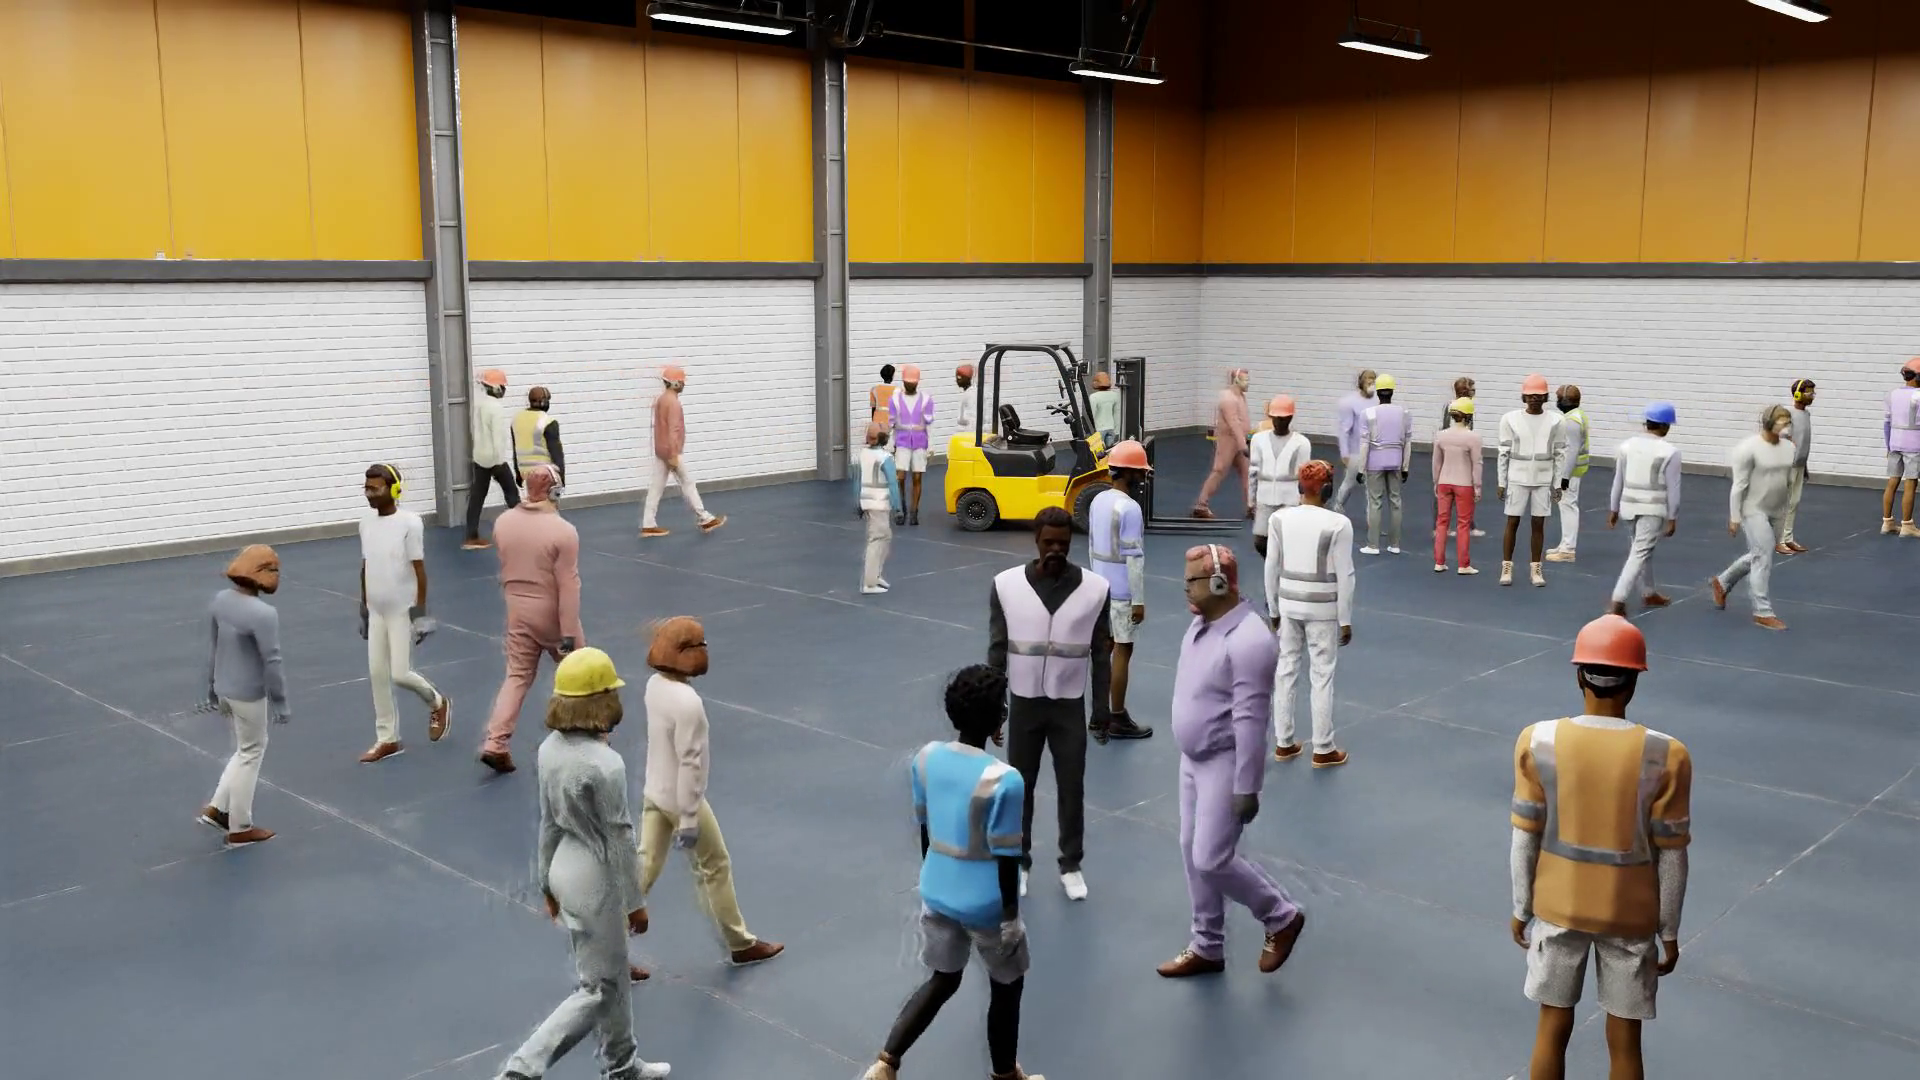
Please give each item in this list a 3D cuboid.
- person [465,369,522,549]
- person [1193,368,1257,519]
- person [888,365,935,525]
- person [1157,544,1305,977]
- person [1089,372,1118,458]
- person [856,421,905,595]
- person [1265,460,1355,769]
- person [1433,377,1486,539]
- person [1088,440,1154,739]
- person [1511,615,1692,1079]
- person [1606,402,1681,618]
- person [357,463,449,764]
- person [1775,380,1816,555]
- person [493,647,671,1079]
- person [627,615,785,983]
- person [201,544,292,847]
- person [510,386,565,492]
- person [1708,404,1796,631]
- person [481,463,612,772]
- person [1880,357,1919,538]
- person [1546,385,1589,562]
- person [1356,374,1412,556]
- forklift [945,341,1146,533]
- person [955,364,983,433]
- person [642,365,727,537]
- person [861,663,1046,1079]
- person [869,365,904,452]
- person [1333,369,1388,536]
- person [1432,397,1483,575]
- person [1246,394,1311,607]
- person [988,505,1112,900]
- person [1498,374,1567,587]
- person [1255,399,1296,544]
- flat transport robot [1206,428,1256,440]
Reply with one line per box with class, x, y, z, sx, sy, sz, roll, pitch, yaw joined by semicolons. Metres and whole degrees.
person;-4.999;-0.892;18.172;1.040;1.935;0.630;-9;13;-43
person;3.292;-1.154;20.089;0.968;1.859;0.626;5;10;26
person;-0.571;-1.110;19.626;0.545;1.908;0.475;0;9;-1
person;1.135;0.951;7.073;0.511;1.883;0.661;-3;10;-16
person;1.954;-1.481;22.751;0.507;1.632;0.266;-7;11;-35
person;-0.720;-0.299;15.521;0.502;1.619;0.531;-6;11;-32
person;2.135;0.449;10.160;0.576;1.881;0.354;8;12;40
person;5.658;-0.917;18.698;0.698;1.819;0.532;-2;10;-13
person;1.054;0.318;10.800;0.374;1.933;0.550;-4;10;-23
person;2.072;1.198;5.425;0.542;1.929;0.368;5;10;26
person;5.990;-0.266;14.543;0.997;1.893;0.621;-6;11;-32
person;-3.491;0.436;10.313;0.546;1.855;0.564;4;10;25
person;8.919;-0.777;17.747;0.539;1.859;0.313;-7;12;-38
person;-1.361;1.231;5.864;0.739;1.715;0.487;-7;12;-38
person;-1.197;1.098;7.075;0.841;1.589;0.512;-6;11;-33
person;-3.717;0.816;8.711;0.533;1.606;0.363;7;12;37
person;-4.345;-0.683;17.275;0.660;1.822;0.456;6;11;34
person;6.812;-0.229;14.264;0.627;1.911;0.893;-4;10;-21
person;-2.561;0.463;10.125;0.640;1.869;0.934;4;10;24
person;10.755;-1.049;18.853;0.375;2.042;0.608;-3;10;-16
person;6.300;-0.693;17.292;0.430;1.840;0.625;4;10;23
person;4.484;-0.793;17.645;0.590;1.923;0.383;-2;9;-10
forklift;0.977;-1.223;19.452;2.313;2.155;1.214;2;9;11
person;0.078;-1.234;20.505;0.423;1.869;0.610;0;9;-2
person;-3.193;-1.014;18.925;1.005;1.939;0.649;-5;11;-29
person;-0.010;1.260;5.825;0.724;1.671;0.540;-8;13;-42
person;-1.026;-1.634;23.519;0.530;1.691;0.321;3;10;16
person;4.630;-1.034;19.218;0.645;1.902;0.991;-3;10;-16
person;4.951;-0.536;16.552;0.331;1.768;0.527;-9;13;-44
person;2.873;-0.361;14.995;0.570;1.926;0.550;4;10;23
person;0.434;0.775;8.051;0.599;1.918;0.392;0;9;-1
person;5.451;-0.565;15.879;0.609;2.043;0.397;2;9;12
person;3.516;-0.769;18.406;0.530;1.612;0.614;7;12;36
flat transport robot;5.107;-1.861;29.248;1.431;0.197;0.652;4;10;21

> Exercise details:
The required answer is the material repeated exactly, with no images in it.

> Task output:
Please give each item in this list a 3D cuboid.
- person [465,369,522,549]
- person [1193,368,1257,519]
- person [888,365,935,525]
- person [1157,544,1305,977]
- person [1089,372,1118,458]
- person [856,421,905,595]
- person [1265,460,1355,769]
- person [1433,377,1486,539]
- person [1088,440,1154,739]
- person [1511,615,1692,1079]
- person [1606,402,1681,618]
- person [357,463,449,764]
- person [1775,380,1816,555]
- person [493,647,671,1079]
- person [627,615,785,983]
- person [201,544,292,847]
- person [510,386,565,492]
- person [1708,404,1796,631]
- person [481,463,612,772]
- person [1880,357,1919,538]
- person [1546,385,1589,562]
- person [1356,374,1412,556]
- forklift [945,341,1146,533]
- person [955,364,983,433]
- person [642,365,727,537]
- person [861,663,1046,1079]
- person [869,365,904,452]
- person [1333,369,1388,536]
- person [1432,397,1483,575]
- person [1246,394,1311,607]
- person [988,505,1112,900]
- person [1498,374,1567,587]
- person [1255,399,1296,544]
- flat transport robot [1206,428,1256,440]
Reply with one line per box with class, x, y, z, sx, sy, sz, roll, pitch, yaw joined by semicolons. Metres and whole degrees.
person;-4.999;-0.892;18.172;1.040;1.935;0.630;-9;13;-43
person;3.292;-1.154;20.089;0.968;1.859;0.626;5;10;26
person;-0.571;-1.110;19.626;0.545;1.908;0.475;0;9;-1
person;1.135;0.951;7.073;0.511;1.883;0.661;-3;10;-16
person;1.954;-1.481;22.751;0.507;1.632;0.266;-7;11;-35
person;-0.720;-0.299;15.521;0.502;1.619;0.531;-6;11;-32
person;2.135;0.449;10.160;0.576;1.881;0.354;8;12;40
person;5.658;-0.917;18.698;0.698;1.819;0.532;-2;10;-13
person;1.054;0.318;10.800;0.374;1.933;0.550;-4;10;-23
person;2.072;1.198;5.425;0.542;1.929;0.368;5;10;26
person;5.990;-0.266;14.543;0.997;1.893;0.621;-6;11;-32
person;-3.491;0.436;10.313;0.546;1.855;0.564;4;10;25
person;8.919;-0.777;17.747;0.539;1.859;0.313;-7;12;-38
person;-1.361;1.231;5.864;0.739;1.715;0.487;-7;12;-38
person;-1.197;1.098;7.075;0.841;1.589;0.512;-6;11;-33
person;-3.717;0.816;8.711;0.533;1.606;0.363;7;12;37
person;-4.345;-0.683;17.275;0.660;1.822;0.456;6;11;34
person;6.812;-0.229;14.264;0.627;1.911;0.893;-4;10;-21
person;-2.561;0.463;10.125;0.640;1.869;0.934;4;10;24
person;10.755;-1.049;18.853;0.375;2.042;0.608;-3;10;-16
person;6.300;-0.693;17.292;0.430;1.840;0.625;4;10;23
person;4.484;-0.793;17.645;0.590;1.923;0.383;-2;9;-10
forklift;0.977;-1.223;19.452;2.313;2.155;1.214;2;9;11
person;0.078;-1.234;20.505;0.423;1.869;0.610;0;9;-2
person;-3.193;-1.014;18.925;1.005;1.939;0.649;-5;11;-29
person;-0.010;1.260;5.825;0.724;1.671;0.540;-8;13;-42
person;-1.026;-1.634;23.519;0.530;1.691;0.321;3;10;16
person;4.630;-1.034;19.218;0.645;1.902;0.991;-3;10;-16
person;4.951;-0.536;16.552;0.331;1.768;0.527;-9;13;-44
person;2.873;-0.361;14.995;0.570;1.926;0.550;4;10;23
person;0.434;0.775;8.051;0.599;1.918;0.392;0;9;-1
person;5.451;-0.565;15.879;0.609;2.043;0.397;2;9;12
person;3.516;-0.769;18.406;0.530;1.612;0.614;7;12;36
flat transport robot;5.107;-1.861;29.248;1.431;0.197;0.652;4;10;21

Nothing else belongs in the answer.